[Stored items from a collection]
# # #
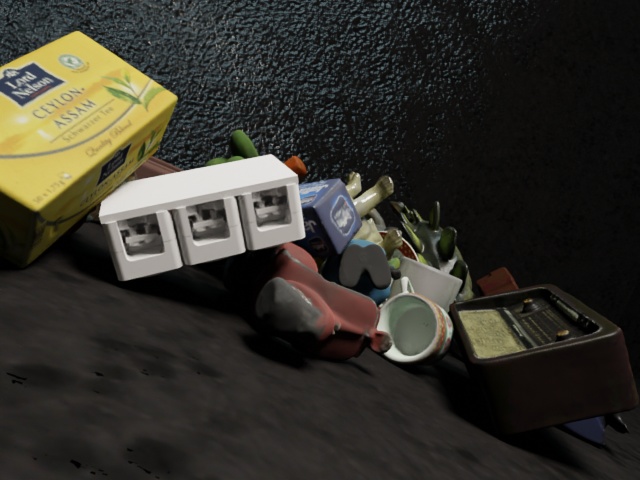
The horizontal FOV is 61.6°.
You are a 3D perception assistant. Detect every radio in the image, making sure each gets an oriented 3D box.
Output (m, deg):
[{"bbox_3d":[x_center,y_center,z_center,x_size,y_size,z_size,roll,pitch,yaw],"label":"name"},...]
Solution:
[{"bbox_3d":[0.214,0.109,0.553,0.131,0.073,0.229,-14,5,10],"label":"radio"}]

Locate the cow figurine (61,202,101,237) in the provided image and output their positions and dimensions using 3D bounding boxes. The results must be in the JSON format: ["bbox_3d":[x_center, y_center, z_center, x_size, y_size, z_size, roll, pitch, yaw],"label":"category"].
[{"bbox_3d":[-0.269,-0.070,0.459,0.195,0.085,0.127,39,19,18],"label":"cow figurine"}]

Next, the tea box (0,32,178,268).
[{"bbox_3d":[-0.192,-0.073,0.387,0.098,0.068,0.170,33,42,-8],"label":"tea box"}]

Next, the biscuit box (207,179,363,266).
[{"bbox_3d":[-0.055,-0.016,0.581,0.203,0.059,0.062,-6,-59,39],"label":"biscuit box"}]

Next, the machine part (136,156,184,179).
[{"bbox_3d":[-0.259,-0.080,0.785,0.201,0.087,0.202,23,2,-21],"label":"machine part"}]

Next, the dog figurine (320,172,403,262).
[{"bbox_3d":[-0.004,-0.004,0.710,0.190,0.172,0.121,-15,7,-29],"label":"dog figurine"}]

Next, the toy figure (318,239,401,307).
[{"bbox_3d":[0.039,0.043,0.609,0.082,0.089,0.180,27,-19,3],"label":"toy figure"}]

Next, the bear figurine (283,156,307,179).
[{"bbox_3d":[-0.046,-0.044,0.999,0.195,0.132,0.120,45,26,-52],"label":"bear figurine"}]

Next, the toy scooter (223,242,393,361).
[{"bbox_3d":[-0.009,0.056,0.484,0.135,0.075,0.184,25,5,-25],"label":"toy scooter"}]

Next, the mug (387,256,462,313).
[{"bbox_3d":[0.117,0.081,0.704,0.110,0.107,0.080,22,1,40],"label":"mug"}]

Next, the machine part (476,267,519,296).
[{"bbox_3d":[0.298,0.132,0.826,0.179,0.056,0.179,62,11,-22],"label":"machine part"}]

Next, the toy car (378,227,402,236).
[{"bbox_3d":[0.081,0.050,0.876,0.109,0.103,0.161,-4,-27,-25],"label":"toy car"}]

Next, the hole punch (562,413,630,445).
[{"bbox_3d":[0.295,0.182,0.650,0.115,0.092,0.142,63,6,3],"label":"hole punch"}]

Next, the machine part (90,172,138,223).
[{"bbox_3d":[-0.297,-0.085,0.628,0.243,0.079,0.079,26,3,28],"label":"machine part"}]

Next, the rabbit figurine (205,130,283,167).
[{"bbox_3d":[-0.100,-0.079,0.824,0.159,0.121,0.170,43,8,-11],"label":"rabbit figurine"}]

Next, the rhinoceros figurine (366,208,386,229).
[{"bbox_3d":[0.066,0.013,1.039,0.112,0.073,0.190,55,-35,-2],"label":"rhinoceros figurine"}]

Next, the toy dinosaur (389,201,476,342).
[{"bbox_3d":[0.195,0.066,0.868,0.472,0.105,0.198,-112,177,-47],"label":"toy dinosaur"}]
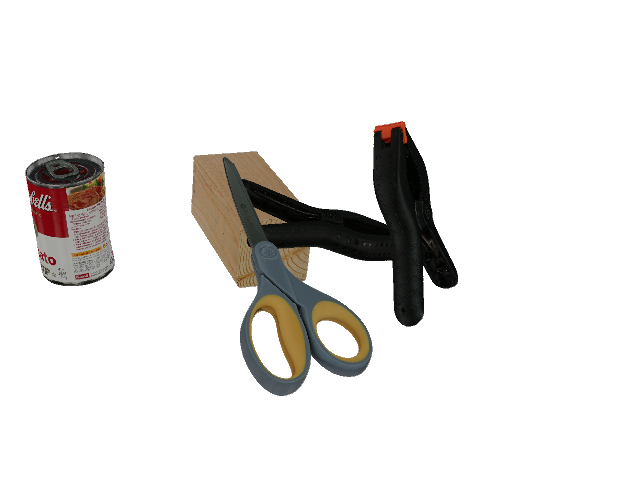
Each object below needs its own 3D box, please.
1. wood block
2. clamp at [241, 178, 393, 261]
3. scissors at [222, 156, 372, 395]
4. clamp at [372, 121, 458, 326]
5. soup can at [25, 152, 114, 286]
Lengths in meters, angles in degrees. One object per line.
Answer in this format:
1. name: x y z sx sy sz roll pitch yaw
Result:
1. wood block: -0.091 -0.031 1.340 0.090 0.090 0.206 -5 28 -22
2. clamp: 0.003 -0.010 1.169 0.210 0.036 0.164 15 20 -9
3. scissors: -0.018 0.020 0.723 0.096 0.202 0.016 9 -45 -17
4. clamp: 0.075 -0.013 0.919 0.039 0.171 0.120 -13 18 22
5. soup can: -0.222 -0.019 0.954 0.068 0.102 0.068 -1 29 0
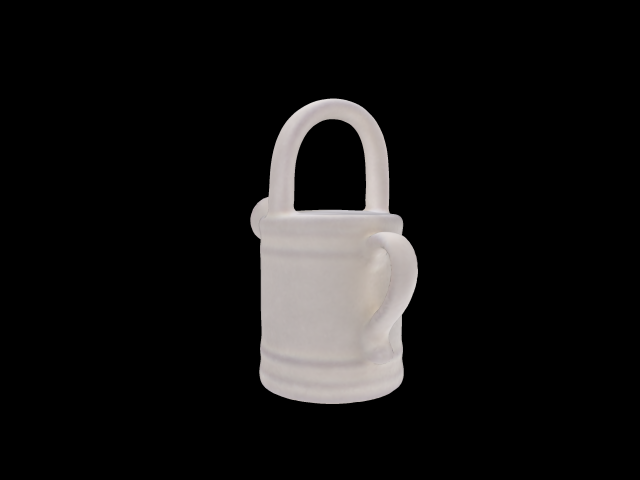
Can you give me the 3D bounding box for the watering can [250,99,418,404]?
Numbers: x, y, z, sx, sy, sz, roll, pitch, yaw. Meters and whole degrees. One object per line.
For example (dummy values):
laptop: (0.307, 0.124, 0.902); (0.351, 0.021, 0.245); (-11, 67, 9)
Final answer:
watering can: (0.002, 0.002, 0.399); (0.172, 0.194, 0.101); (3, 5, 36)
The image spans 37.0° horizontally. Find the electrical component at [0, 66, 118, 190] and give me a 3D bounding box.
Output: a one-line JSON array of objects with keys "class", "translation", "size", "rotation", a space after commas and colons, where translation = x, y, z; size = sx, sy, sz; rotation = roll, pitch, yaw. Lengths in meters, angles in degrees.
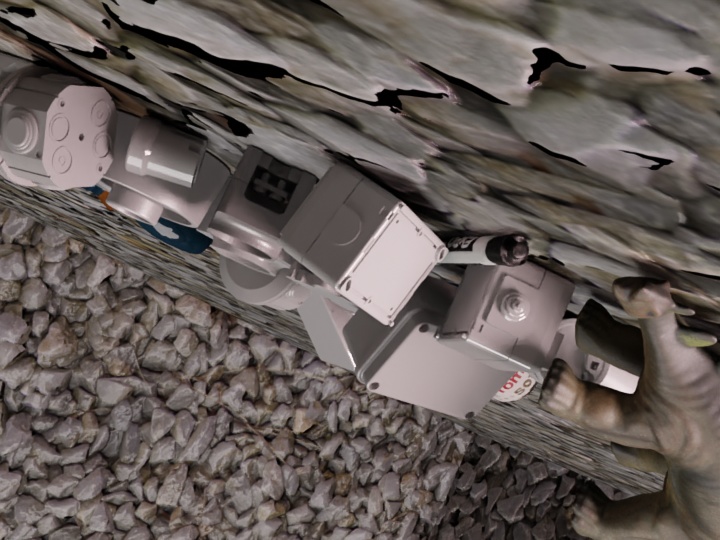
[{"class": "electrical component", "translation": [-0.204, -0.092, 0.714], "size": [0.051, 0.080, 0.080], "rotation": [15, 169, 26]}]

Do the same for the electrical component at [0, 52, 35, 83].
[{"class": "electrical component", "translation": [-0.253, -0.122, 0.776], "size": [0.083, 0.047, 0.076], "rotation": [21, 172, 24]}]

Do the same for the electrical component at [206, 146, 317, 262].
[{"class": "electrical component", "translation": [-0.069, -0.042, 0.727], "size": [0.050, 0.055, 0.089], "rotation": [25, 172, -9]}]

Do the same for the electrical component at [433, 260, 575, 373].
[{"class": "electrical component", "translation": [0.095, 0.029, 0.684], "size": [0.061, 0.061, 0.096], "rotation": [25, 172, -7]}]

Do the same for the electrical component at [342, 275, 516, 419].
[{"class": "electrical component", "translation": [0.054, 0.055, 0.780], "size": [0.113, 0.078, 0.057], "rotation": [21, -150, -34]}]

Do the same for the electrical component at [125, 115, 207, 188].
[{"class": "electrical component", "translation": [-0.131, -0.079, 0.731], "size": [0.046, 0.040, 0.040], "rotation": [19, 173, -4]}]

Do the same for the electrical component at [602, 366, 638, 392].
[{"class": "electrical component", "translation": [0.187, 0.082, 0.852], "size": [0.065, 0.044, 0.044], "rotation": [34, 169, -29]}]

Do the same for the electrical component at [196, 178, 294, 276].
[{"class": "electrical component", "translation": [-0.078, -0.032, 0.824], "size": [0.050, 0.055, 0.089], "rotation": [31, 170, -41]}]

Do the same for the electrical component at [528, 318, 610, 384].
[{"class": "electrical component", "translation": [0.148, 0.062, 0.784], "size": [0.055, 0.055, 0.047], "rotation": [25, 176, -8]}]

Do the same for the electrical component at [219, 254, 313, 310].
[{"class": "electrical component", "translation": [-0.072, -0.007, 0.890], "size": [0.080, 0.080, 0.051], "rotation": [19, 176, 32]}]

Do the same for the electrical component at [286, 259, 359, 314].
[{"class": "electrical component", "translation": [0.000, 0.000, 0.802], "size": [0.089, 0.055, 0.050], "rotation": [30, 170, -39]}]

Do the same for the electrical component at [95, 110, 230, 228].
[{"class": "electrical component", "translation": [-0.159, -0.069, 0.803], "size": [0.108, 0.060, 0.108], "rotation": [24, 172, 3]}]

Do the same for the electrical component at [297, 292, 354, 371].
[{"class": "electrical component", "translation": [-0.020, 0.046, 1.066], "size": [0.100, 0.048, 0.099], "rotation": [8, 124, 65]}]

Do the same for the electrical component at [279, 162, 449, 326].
# # #
WHAT THIS TASK INVOLVES —
Your job is to repeat the data exactly, leaving each picture out.

SOLUTION TO THE PROBLEM —
The horizontal FOV is 61.6°.
You are a 3D perception assistant. Detect every radio in the image, making sure each gets an oriented 3D box.
Output (m, deg):
[{"bbox_3d":[x_center,y_center,z_center,x_size,y_size,z_size,roll,pitch,yaw],"label":"name"},...]
Solution:
[{"bbox_3d":[0.214,0.109,0.553,0.131,0.073,0.229,-14,5,10],"label":"radio"}]

Locate the cow figurine (61,202,101,237) in the provided image and output their positions and dimensions using 3D bounding boxes. The results must be in the JSON format: ["bbox_3d":[x_center, y_center, z_center, x_size, y_size, z_size, roll, pitch, yaw],"label":"category"].
[{"bbox_3d":[-0.269,-0.070,0.459,0.195,0.085,0.127,39,19,18],"label":"cow figurine"}]

Next, the tea box (0,32,178,268).
[{"bbox_3d":[-0.192,-0.073,0.387,0.098,0.068,0.170,33,42,-8],"label":"tea box"}]

Next, the biscuit box (207,179,363,266).
[{"bbox_3d":[-0.055,-0.016,0.581,0.203,0.059,0.062,-6,-59,39],"label":"biscuit box"}]

Next, the machine part (136,156,184,179).
[{"bbox_3d":[-0.259,-0.080,0.785,0.201,0.087,0.202,23,2,-21],"label":"machine part"}]

Next, the dog figurine (320,172,403,262).
[{"bbox_3d":[-0.004,-0.004,0.710,0.190,0.172,0.121,-15,7,-29],"label":"dog figurine"}]

Next, the toy figure (318,239,401,307).
[{"bbox_3d":[0.039,0.043,0.609,0.082,0.089,0.180,27,-19,3],"label":"toy figure"}]

Next, the bear figurine (283,156,307,179).
[{"bbox_3d":[-0.046,-0.044,0.999,0.195,0.132,0.120,45,26,-52],"label":"bear figurine"}]

Next, the toy scooter (223,242,393,361).
[{"bbox_3d":[-0.009,0.056,0.484,0.135,0.075,0.184,25,5,-25],"label":"toy scooter"}]

Next, the mug (387,256,462,313).
[{"bbox_3d":[0.117,0.081,0.704,0.110,0.107,0.080,22,1,40],"label":"mug"}]

Next, the machine part (476,267,519,296).
[{"bbox_3d":[0.298,0.132,0.826,0.179,0.056,0.179,62,11,-22],"label":"machine part"}]

Next, the toy car (378,227,402,236).
[{"bbox_3d":[0.081,0.050,0.876,0.109,0.103,0.161,-4,-27,-25],"label":"toy car"}]

Next, the hole punch (562,413,630,445).
[{"bbox_3d":[0.295,0.182,0.650,0.115,0.092,0.142,63,6,3],"label":"hole punch"}]

Next, the machine part (90,172,138,223).
[{"bbox_3d":[-0.297,-0.085,0.628,0.243,0.079,0.079,26,3,28],"label":"machine part"}]

Next, the rabbit figurine (205,130,283,167).
[{"bbox_3d":[-0.100,-0.079,0.824,0.159,0.121,0.170,43,8,-11],"label":"rabbit figurine"}]

Next, the rhinoceros figurine (366,208,386,229).
[{"bbox_3d":[0.066,0.013,1.039,0.112,0.073,0.190,55,-35,-2],"label":"rhinoceros figurine"}]

Next, the toy dinosaur (389,201,476,342).
[{"bbox_3d":[0.195,0.066,0.868,0.472,0.105,0.198,-112,177,-47],"label":"toy dinosaur"}]
Each object below needs its own 3D box, please.
1. wood block
2. clamp at [241, 178, 393, 261]
3. scissors at [222, 156, 372, 395]
4. clamp at [372, 121, 458, 326]
5. soup can at [25, 152, 114, 286]
Lengths in meters, angles in degrees. One object per line.
Answer in this format:
1. name: x y z sx sy sz roll pitch yaw
Result:
1. wood block: -0.091 -0.031 1.340 0.090 0.090 0.206 -5 28 -22
2. clamp: 0.003 -0.010 1.169 0.210 0.036 0.164 15 20 -9
3. scissors: -0.018 0.020 0.723 0.096 0.202 0.016 9 -45 -17
4. clamp: 0.075 -0.013 0.919 0.039 0.171 0.120 -13 18 22
5. soup can: -0.222 -0.019 0.954 0.068 0.102 0.068 -1 29 0
Can you give me the 3D bounding box for the watering can [250,99,418,404]?
Numbers: x, y, z, sx, sy, sz, roll, pitch, yaw. Meters and whole degrees. One object per line.
For example (dummy values):
laptop: (0.307, 0.124, 0.902); (0.351, 0.021, 0.245); (-11, 67, 9)
Final answer:
watering can: (0.002, 0.002, 0.399); (0.172, 0.194, 0.101); (3, 5, 36)
The image spans 37.0° horizontally. Find the electrical component at [0, 66, 118, 190] and give me a 3D bounding box.
Output: a one-line JSON array of objects with keys "class", "translation", "size", "rotation", a space after commas and colons, where translation = x, y, z; size = sx, sy, sz; rotation = roll, pitch, yaw. Lengths in meters, angles in degrees.
[{"class": "electrical component", "translation": [-0.204, -0.092, 0.714], "size": [0.051, 0.080, 0.080], "rotation": [15, 169, 26]}]

Do the same for the electrical component at [0, 52, 35, 83].
[{"class": "electrical component", "translation": [-0.253, -0.122, 0.776], "size": [0.083, 0.047, 0.076], "rotation": [21, 172, 24]}]

Do the same for the electrical component at [206, 146, 317, 262].
[{"class": "electrical component", "translation": [-0.069, -0.042, 0.727], "size": [0.050, 0.055, 0.089], "rotation": [25, 172, -9]}]

Do the same for the electrical component at [433, 260, 575, 373].
[{"class": "electrical component", "translation": [0.095, 0.029, 0.684], "size": [0.061, 0.061, 0.096], "rotation": [25, 172, -7]}]

Do the same for the electrical component at [342, 275, 516, 419].
[{"class": "electrical component", "translation": [0.054, 0.055, 0.780], "size": [0.113, 0.078, 0.057], "rotation": [21, -150, -34]}]

Do the same for the electrical component at [125, 115, 207, 188].
[{"class": "electrical component", "translation": [-0.131, -0.079, 0.731], "size": [0.046, 0.040, 0.040], "rotation": [19, 173, -4]}]

Do the same for the electrical component at [602, 366, 638, 392].
[{"class": "electrical component", "translation": [0.187, 0.082, 0.852], "size": [0.065, 0.044, 0.044], "rotation": [34, 169, -29]}]

Do the same for the electrical component at [196, 178, 294, 276].
[{"class": "electrical component", "translation": [-0.078, -0.032, 0.824], "size": [0.050, 0.055, 0.089], "rotation": [31, 170, -41]}]

Do the same for the electrical component at [528, 318, 610, 384].
[{"class": "electrical component", "translation": [0.148, 0.062, 0.784], "size": [0.055, 0.055, 0.047], "rotation": [25, 176, -8]}]

Do the same for the electrical component at [219, 254, 313, 310].
[{"class": "electrical component", "translation": [-0.072, -0.007, 0.890], "size": [0.080, 0.080, 0.051], "rotation": [19, 176, 32]}]

Do the same for the electrical component at [286, 259, 359, 314].
[{"class": "electrical component", "translation": [0.000, 0.000, 0.802], "size": [0.089, 0.055, 0.050], "rotation": [30, 170, -39]}]

Do the same for the electrical component at [95, 110, 230, 228].
[{"class": "electrical component", "translation": [-0.159, -0.069, 0.803], "size": [0.108, 0.060, 0.108], "rotation": [24, 172, 3]}]

Do the same for the electrical component at [297, 292, 354, 371].
[{"class": "electrical component", "translation": [-0.020, 0.046, 1.066], "size": [0.100, 0.048, 0.099], "rotation": [8, 124, 65]}]

Do the same for the electrical component at [279, 162, 449, 326].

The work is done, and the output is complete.